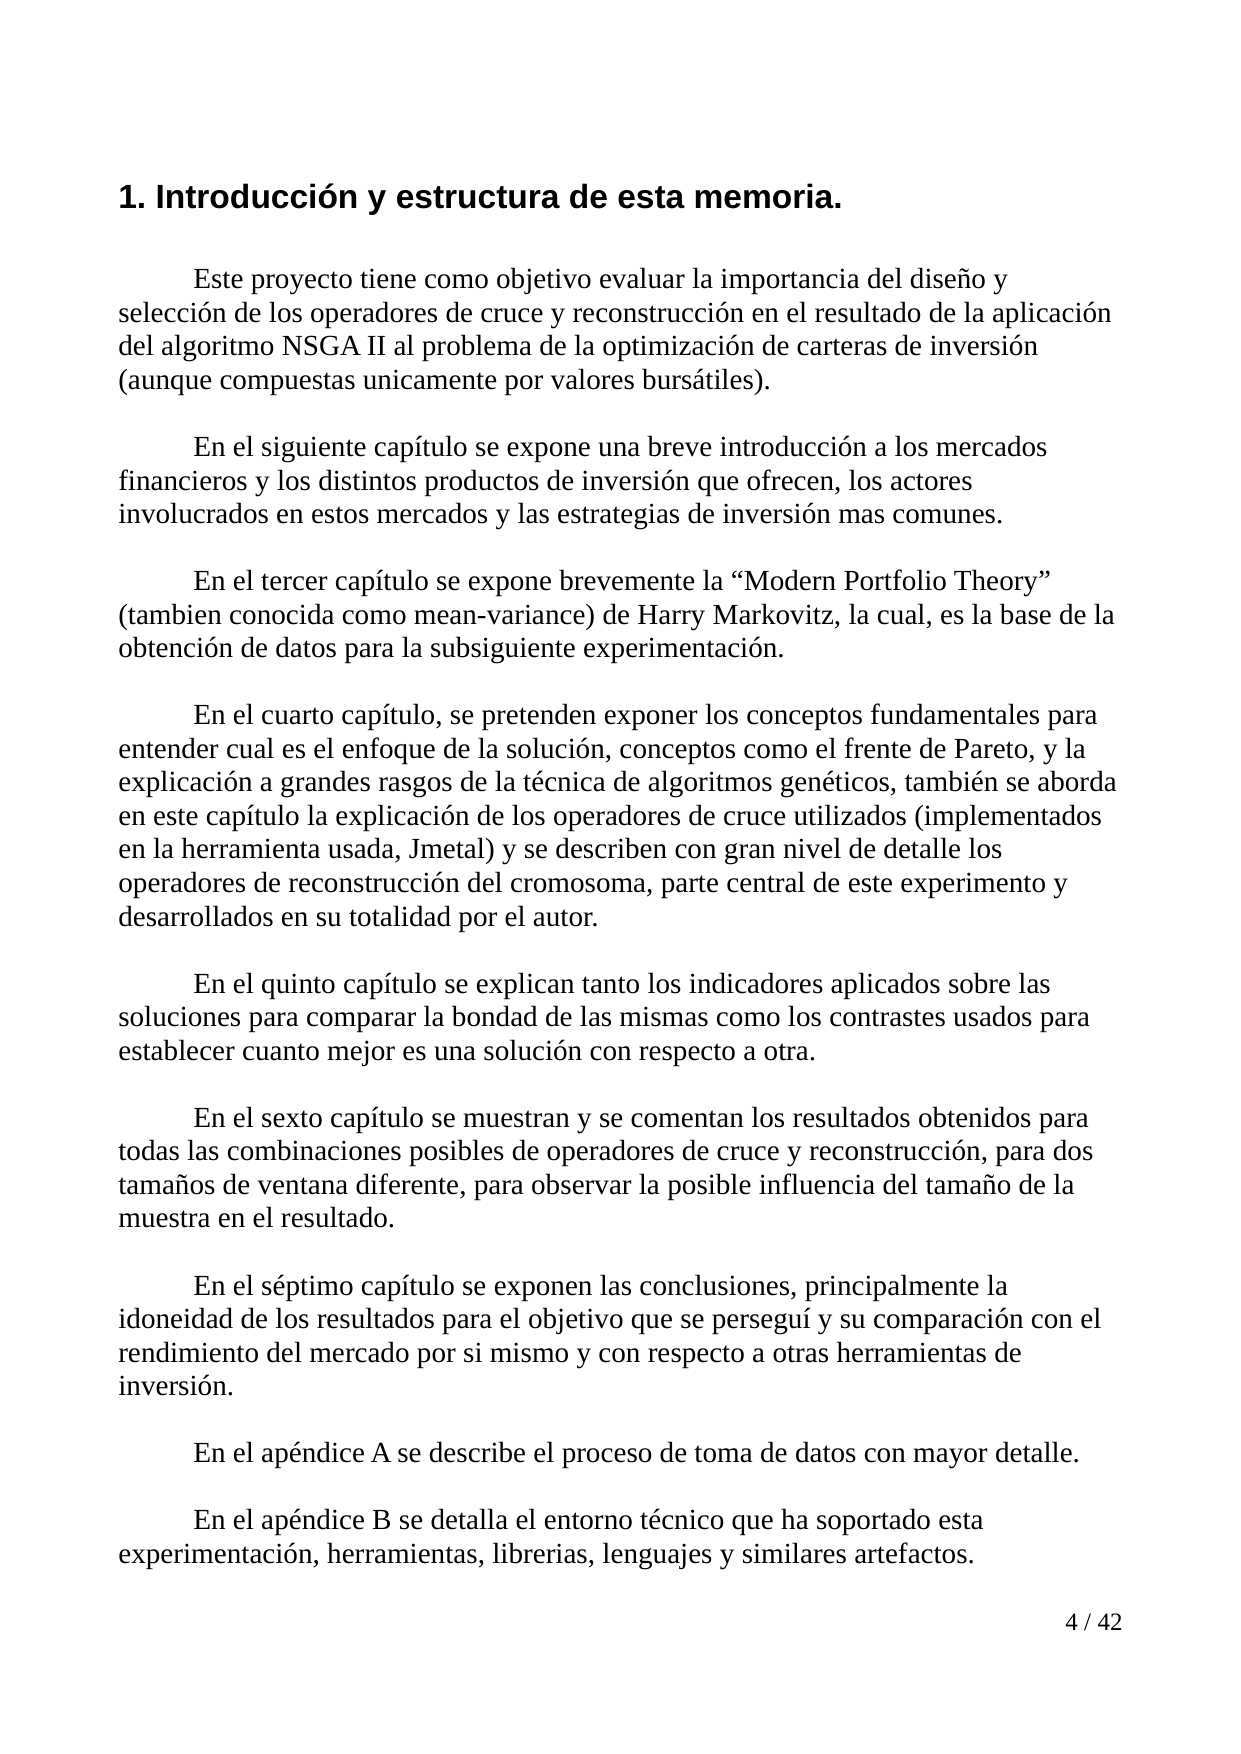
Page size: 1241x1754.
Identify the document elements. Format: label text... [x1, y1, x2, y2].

text En el tercer capítulo se expone brevemente la “Modern Portfolio Theory” (tambien conocida como mean-variance) de Harry Markovitz, la cual, es la base de la obtención de datos para la subsiguiente experimentación. [118, 563, 1122, 664]
text En el apéndice A se describe el proceso de toma de datos con mayor detalle. [118, 1435, 1122, 1469]
text En el cuarto capítulo, se pretenden exponer los conceptos fundamentales para entender cual es el enfoque de la solución, conceptos como el frente de Pareto, y la explicación a grandes rasgos de la técnica de algoritmos genéticos, también se aborda en este capítulo la explicación de los operadores de cruce utilizados (implementados en la herramienta usada, Jmetal) y se describen con gran nivel de detalle los operadores de reconstrucción del cromosoma, parte central de este experimento y desarrollados en su totalidad por el autor. [118, 697, 1122, 932]
text En el quinto capítulo se explican tanto los indicadores aplicados sobre las soluciones para comparar la bondad de las mismas como los contrastes usados para establecer cuanto mejor es una solución con respecto a otra. [118, 966, 1122, 1066]
text En el apéndice B se detalla el entorno técnico que ha soportado esta experimentación, herramientas, librerias, lenguajes y similares artefactos. [118, 1502, 1122, 1569]
text En el séptimo capítulo se exponen las conclusiones, principalmente la idoneidad de los resultados para el objetivo que se perseguí y su comparación con el rendimiento del mercado por si mismo y con respecto a otras herramientas de inversión. [118, 1268, 1122, 1402]
text Este proyecto tiene como objetivo evaluar la importancia del diseño y selección de los operadores de cruce y reconstrucción en el resultado de la aplicación del algoritmo NSGA II al problema de la optimización de carteras de inversión (aunque compuestas unicamente por valores bursátiles). [118, 261, 1122, 396]
subtitle 1. Introducción y estructura de esta memoria. [118, 177, 1122, 215]
text En el sexto capítulo se muestran y se comentan los resultados obtenidos para todas las combinaciones posibles de operadores de cruce y reconstrucción, para dos tamaños de ventana diferente, para observar la posible influencia del tamaño de la muestra en el resultado. [118, 1100, 1122, 1234]
text En el siguiente capítulo se expone una breve introducción a los mercados financieros y los distintos productos de inversión que ofrecen, los actores involucrados en estos mercados y las estrategias de inversión mas comunes. [118, 429, 1122, 530]

_How to complete this task_
Each line from the top of the material through the line containing "subtitle 1. Introducción" should be reproduced exactly; please drop any images.

_Final answer_
Page size: 1241x1754.
Identify the document elements. Format: label text... [x1, y1, x2, y2].

text En el tercer capítulo se expone brevemente la “Modern Portfolio Theory” (tambien conocida como mean-variance) de Harry Markovitz, la cual, es la base de la obtención de datos para la subsiguiente experimentación. [118, 563, 1122, 664]
text En el apéndice A se describe el proceso de toma de datos con mayor detalle. [118, 1435, 1122, 1469]
text En el cuarto capítulo, se pretenden exponer los conceptos fundamentales para entender cual es el enfoque de la solución, conceptos como el frente de Pareto, y la explicación a grandes rasgos de la técnica de algoritmos genéticos, también se aborda en este capítulo la explicación de los operadores de cruce utilizados (implementados en la herramienta usada, Jmetal) y se describen con gran nivel de detalle los operadores de reconstrucción del cromosoma, parte central de este experimento y desarrollados en su totalidad por el autor. [118, 697, 1122, 932]
text En el quinto capítulo se explican tanto los indicadores aplicados sobre las soluciones para comparar la bondad de las mismas como los contrastes usados para establecer cuanto mejor es una solución con respecto a otra. [118, 966, 1122, 1066]
text En el apéndice B se detalla el entorno técnico que ha soportado esta experimentación, herramientas, librerias, lenguajes y similares artefactos. [118, 1502, 1122, 1569]
text En el séptimo capítulo se exponen las conclusiones, principalmente la idoneidad de los resultados para el objetivo que se perseguí y su comparación con el rendimiento del mercado por si mismo y con respecto a otras herramientas de inversión. [118, 1268, 1122, 1402]
text Este proyecto tiene como objetivo evaluar la importancia del diseño y selección de los operadores de cruce y reconstrucción en el resultado de la aplicación del algoritmo NSGA II al problema de la optimización de carteras de inversión (aunque compuestas unicamente por valores bursátiles). [118, 261, 1122, 396]
subtitle 1. Introducción y estructura de esta memoria. [118, 177, 1122, 215]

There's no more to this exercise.